March 2, 2020
Reproductive health disparities, such as maternal mortality and morbidity rates, are significantly higher for women of color compared to white women.
Dr. Madeline Sutton, medical epidemiologist and board-certified OB/GYN and assistant professor at Morehouse School of Medicine, said that health care providers need to understand historical contexts to better modern medicine and to understand the disparities and gaps between the reproductive care of women of color compared to white women.
According to a study on pregnancy related deaths, 30 Native American women and 41 African American women die per 100 thousand live births. Sutton highlighted three recent prominent cases in which African American and Native American women died during or shortly after childbirth. She said that the deaths of Shalon Irving, Kyira Johnson and Stephanie Snook could have been prevented if their health care providers paid attention to, and acted upon, their patients’ concerns.
“Women of color remain more likely to be affected by negative outcomes, even when carrying a pregnancy to term or almost to term,” Sutton said.
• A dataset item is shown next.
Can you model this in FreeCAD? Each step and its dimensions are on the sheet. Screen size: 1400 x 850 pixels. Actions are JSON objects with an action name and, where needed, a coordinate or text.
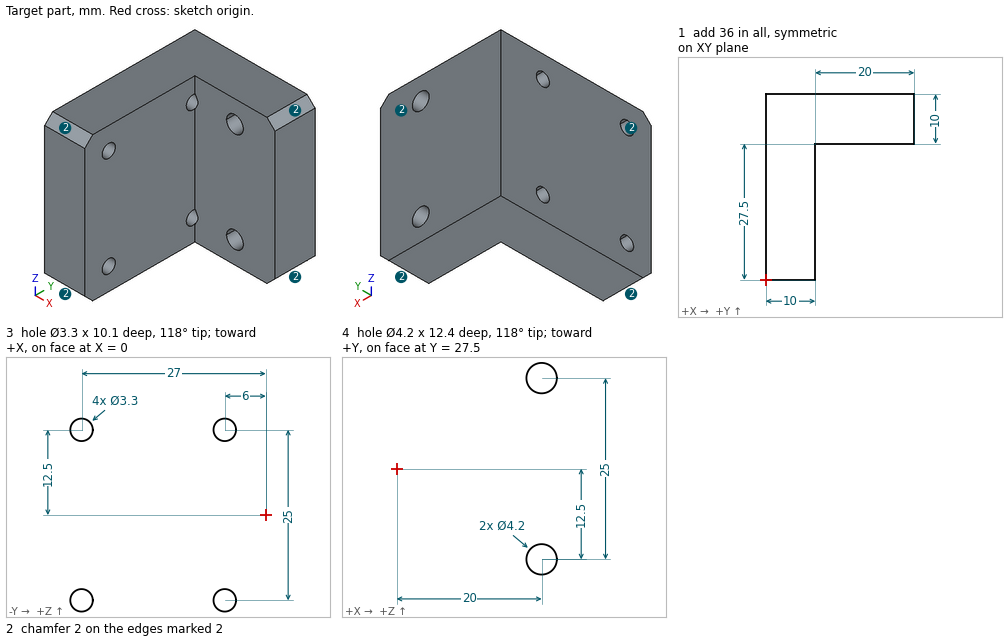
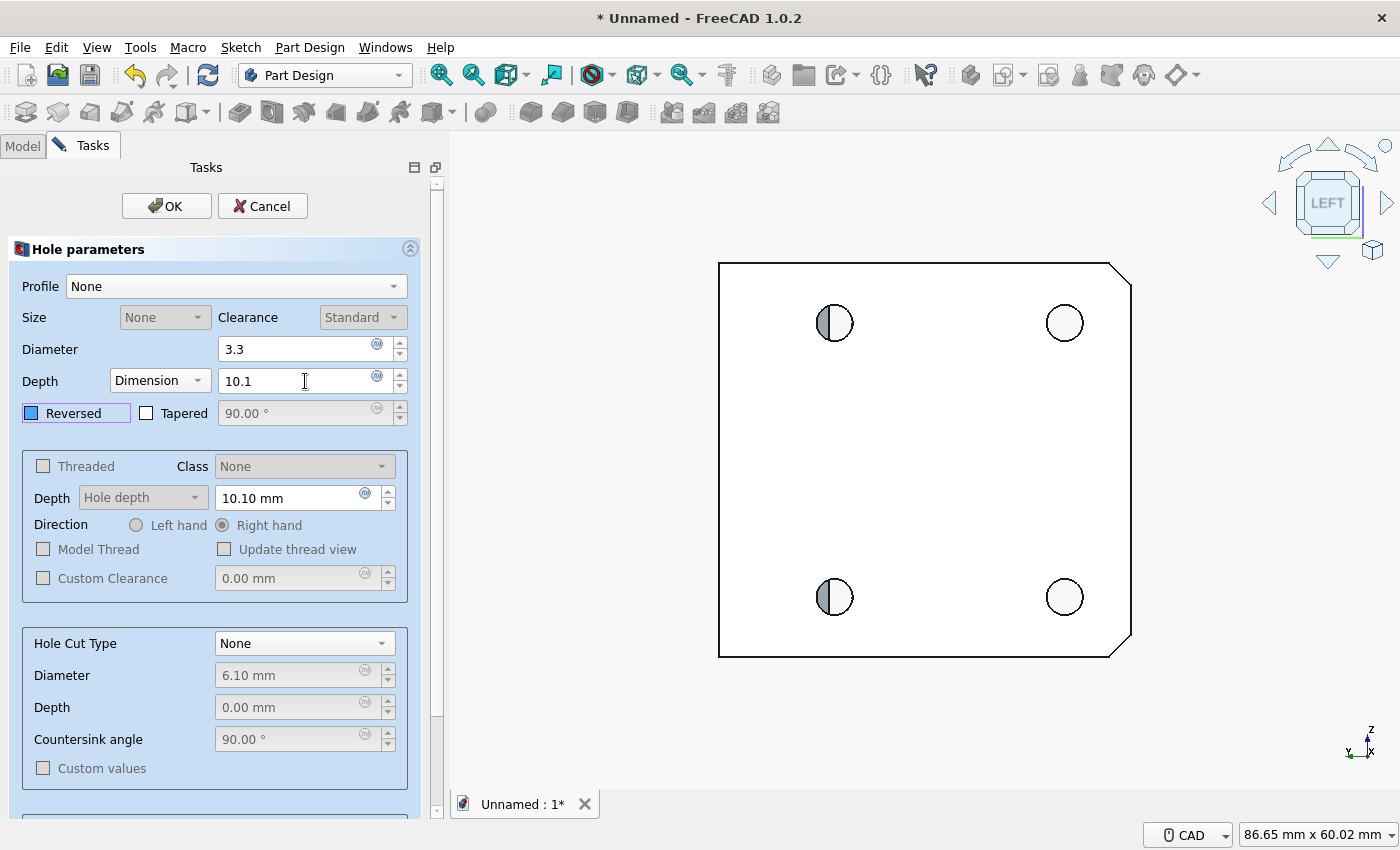
{"action": "left_click", "coordinate": [167, 206]}
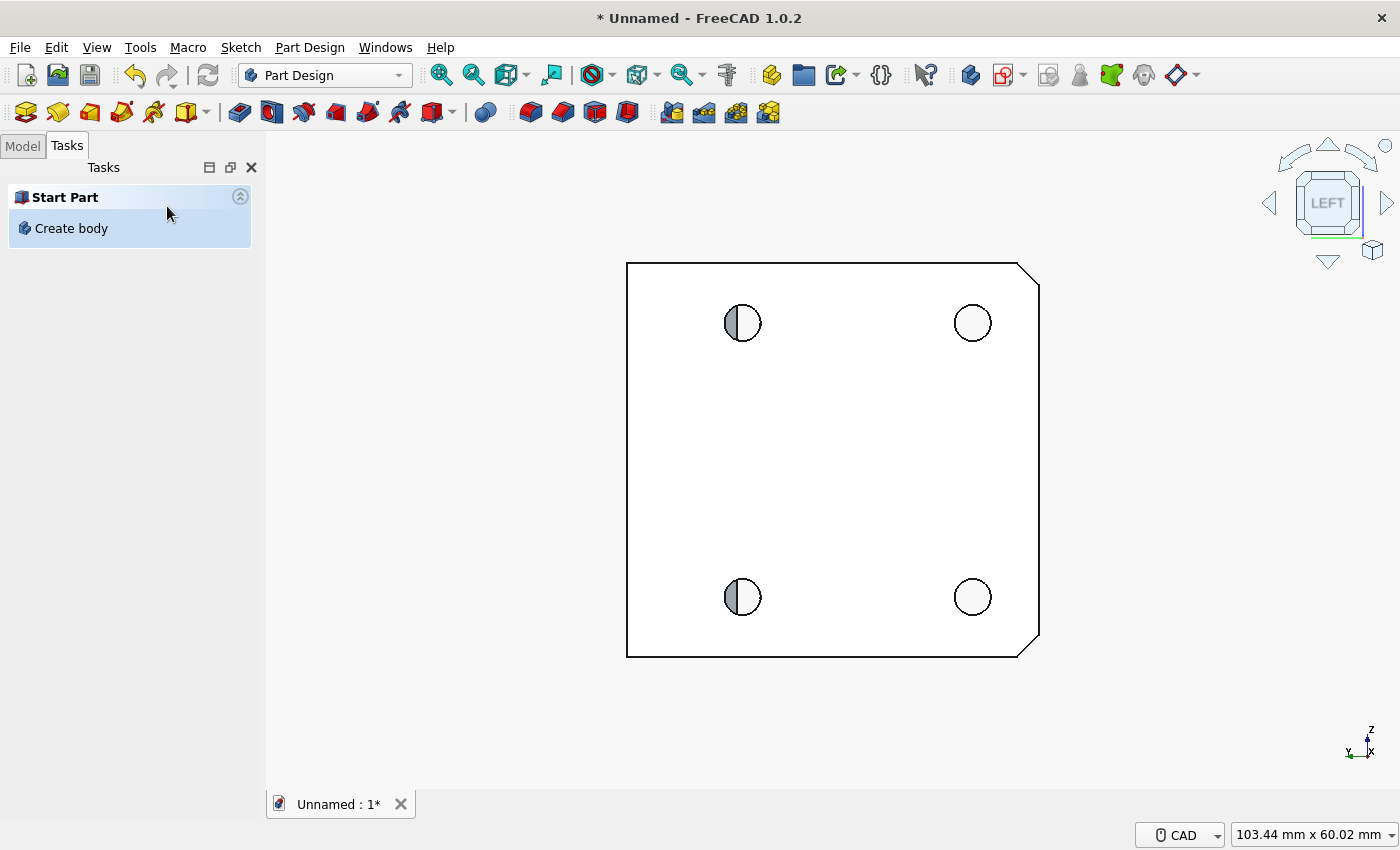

She also said that all health care providers, but more importantly those in the reproductive health field, can do better by paying attention to the concerns of their patients as if they were caring for a “sister, mother or auntie.”
Within the reproductive health field, there has been a push for reproductive care providers to begin seeing women three weeks after childbirth, rather than the standard six week mark. This has been implemented so women who have a history of health or mental health problems can be taken care of in a more efficient way.
Deputy Director for Community Outreach at the Institute for Rural Health Research, Dr. Pamela Payne-Foster, said that one of the most important lessons in Sutton’s talk was the role of physicians in how they listen to their patients, particularly women of color, which plays a role in the increased mortality and morbidity of mothers. She also said how important it is for medical students and residents to understand what causes maternal deaths in order to benefit women of color within the U.S. and globally.